Security & Privacy FAQ

Have a security/privacy question or disclosure? Contact [email protected].

What best practices does Paper follow?

  • TLS encryption in transit for internal and external communication with our backend and databases.
  • Required TLS encryption for third-party vendors.
  • Data backups and storage encrypted with AES-256.
  • GDPR and CCPA compliance within 90 days.
  • Granular data access for all Paper employees granted by business need.
  • Full audit logging on sensitive data access.
  • Security audit from HackerOne.
  • Bug bounty program for ethical hackers.
  • SOC-2 compliance certification (coming Q2 2023).

What user personally identifiable information (PII) is stored?

Paper stores user emails and only accesses them to send automated emails (e.g. after a completed purchase) or in rare cases to proactively reach out to resolve support issues. We don't store any other user PII.

How is credit card data stored?

Paper's payment provider(s) are certified to PCI Service Provider Level 1, the highest standard set by the payment card industry to ensure that credit card data is processed, stored or transmitted in a secure environment (source).

This data is never sent through Paper's servers.

How is password data stored?

Paper doesn't use passwords! Logging into a Paper Wallet and our Seller dashboard is done through password-less authentication tied to your email address. For this reason, please keep strong password hygiene and consider adding multi-factor authentication on your email account.

How is buyer identity verification data stored?

Buyer identification verification data (i.e. KYC) is transferred via TLS encrypted connections directly to our payment vendor(s) and uses AES-256 encryption at rest (source). This data is only accessible to employees whose job role may require reviewing KYC.

This data is never sent through Paper's servers.

How is seller identity verification data stored?

Seller identity verification data (i.e. KYB) that you upload in the dashboard is uploaded via TLS encrypted connections with a time-limited pre-signed URL to Paper's S3 AWS bucket. The S3 bucket is not exposed to the public internet, is encrypted with an AWS KMS-managed key, has all employee interactions logged, and is only accessible to key employees whose job role requires reviewing KYB.

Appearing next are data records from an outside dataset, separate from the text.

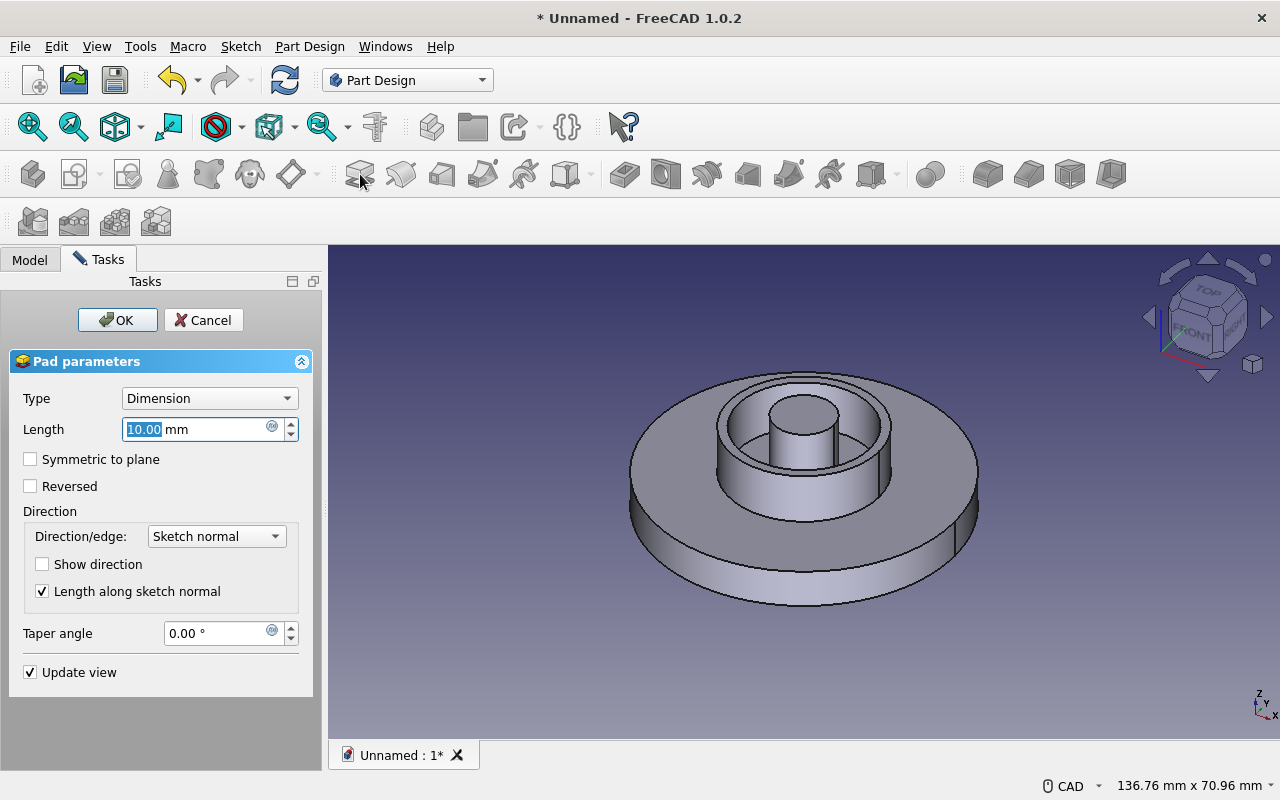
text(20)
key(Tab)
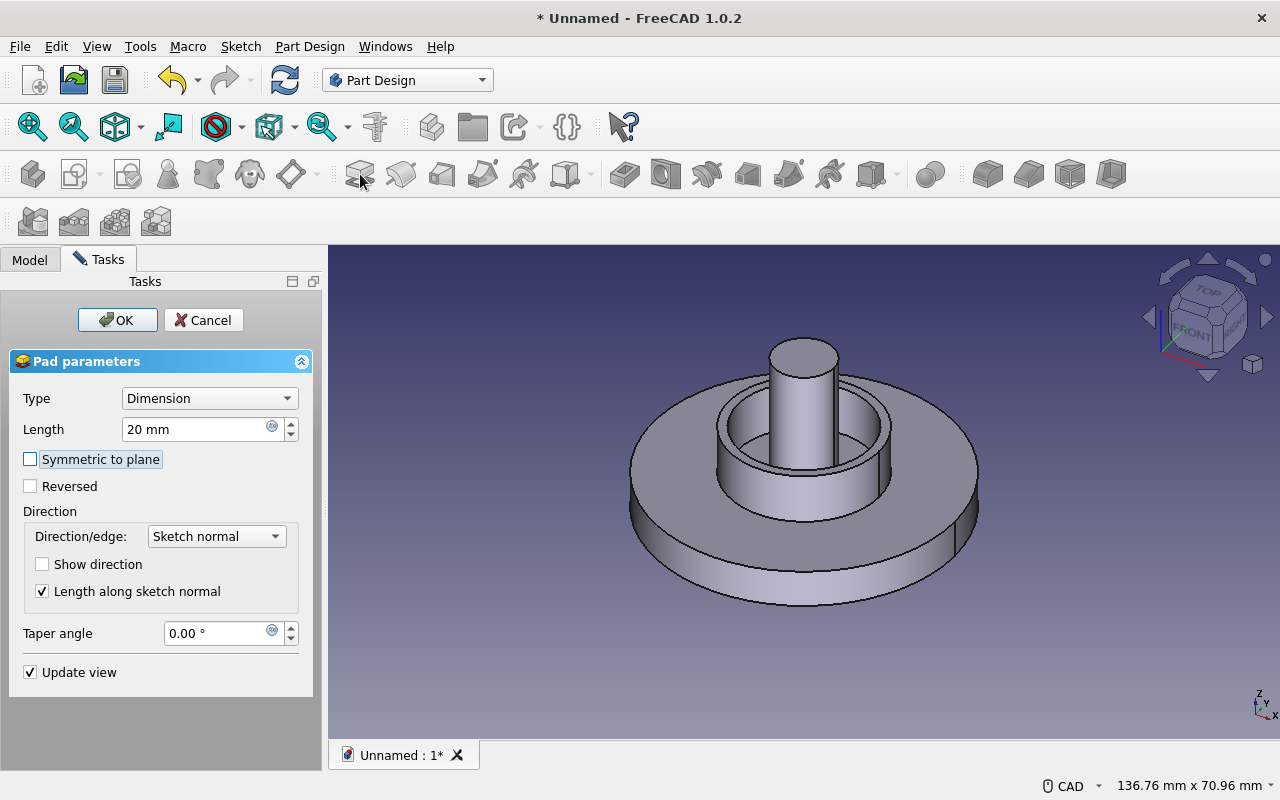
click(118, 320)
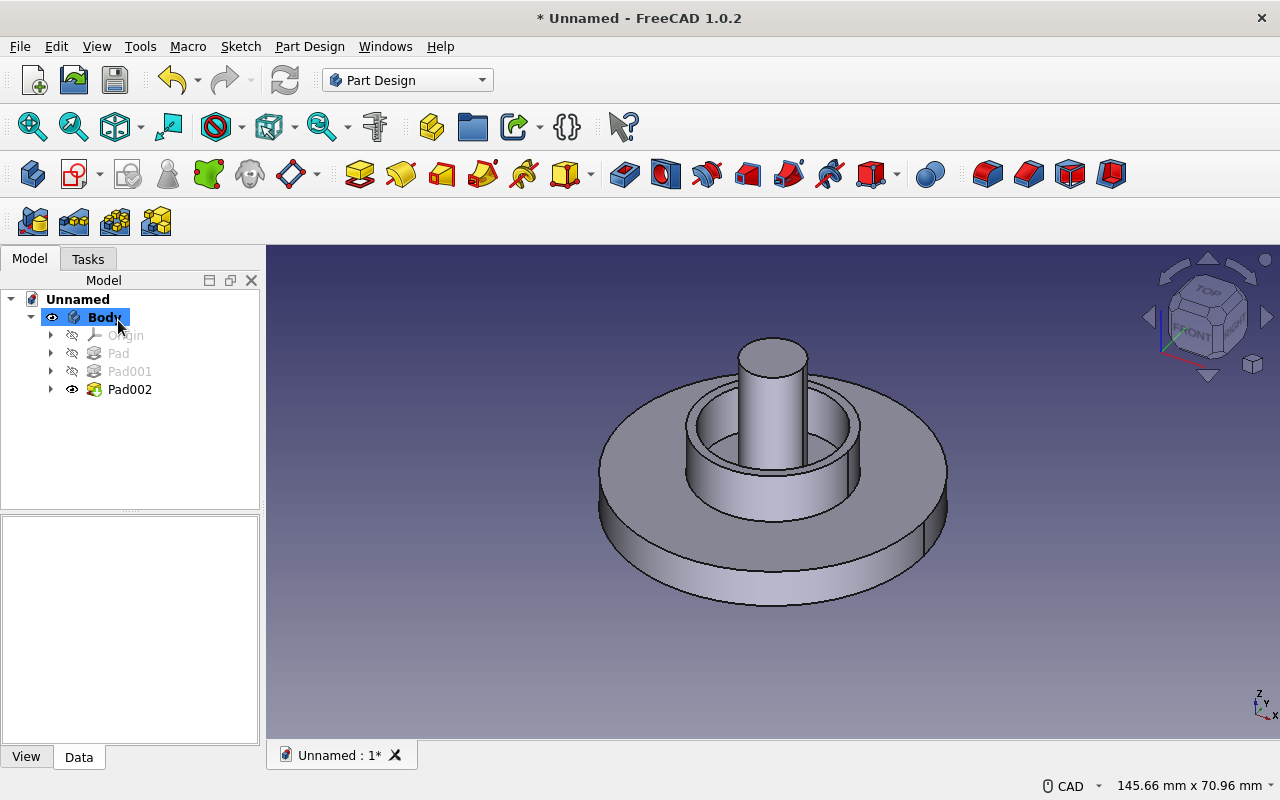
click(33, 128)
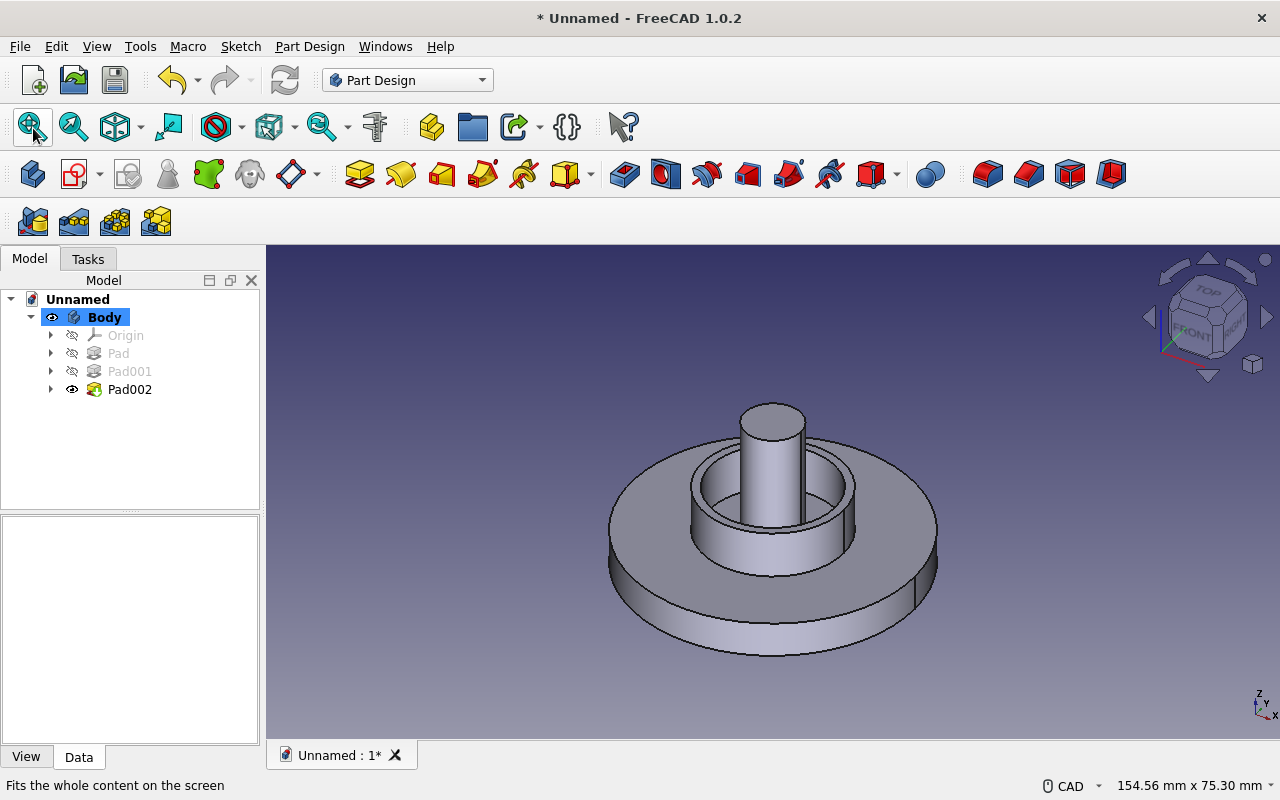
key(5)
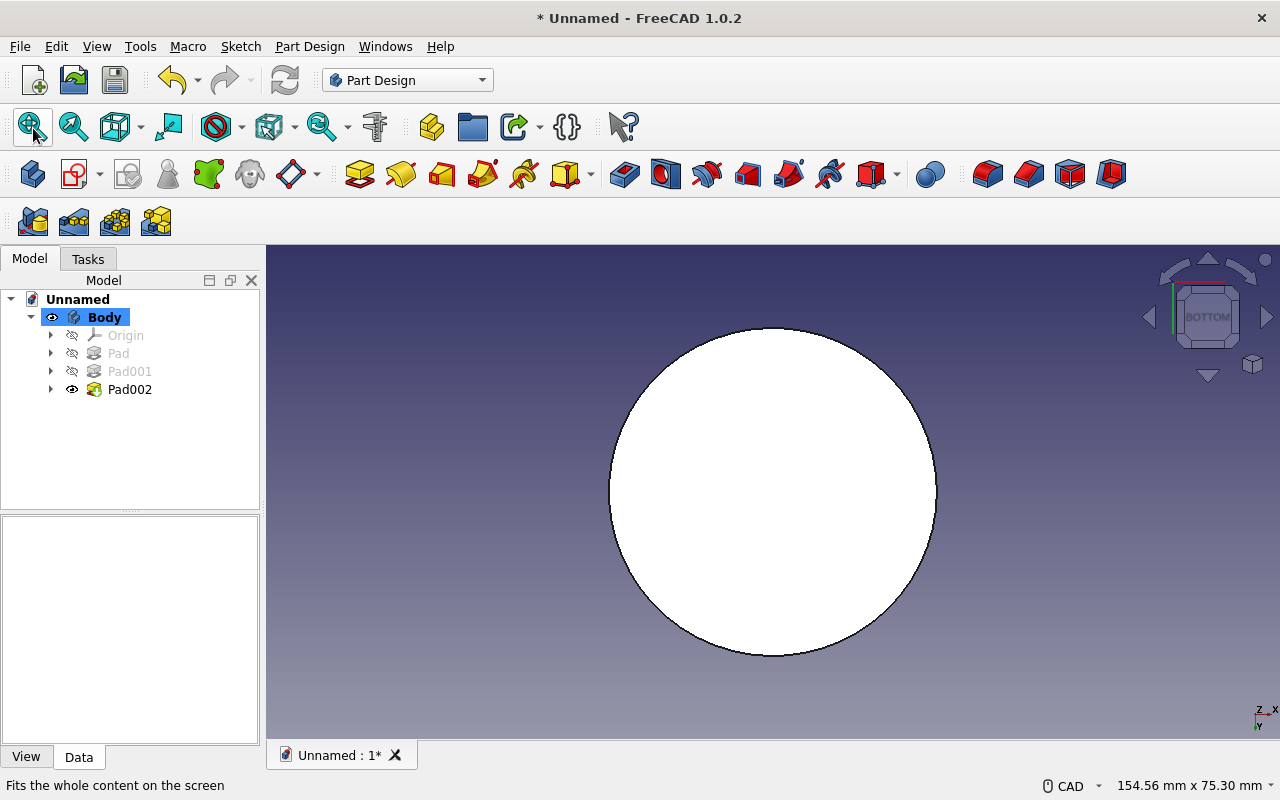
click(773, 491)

This data is never sent through Paper's servers.

How does Paper handle GDPR data access or deletion requests?

A customer can contact us atΒ [email protected] to request their data to be provided or deleted. We will comply with the request within 90 calendar days.

Does Paper go through security audits?

Yes. Our architecture and codebase are currently undergoing a full code review audit performed by HackerOne, a leading cybersecurity company.

Estimated completion: March 2023

Does Paper offer rewards for responsible disclosures of security vulnerability?

Yes. At the team's discretion, Paper may offer monetary bounties for security vulnerabilities that are responsibly disclosed to [email protected] that are considered novel with high customer impact.

Paper's formal HackerOne bug bounty program is launching Q1 2023.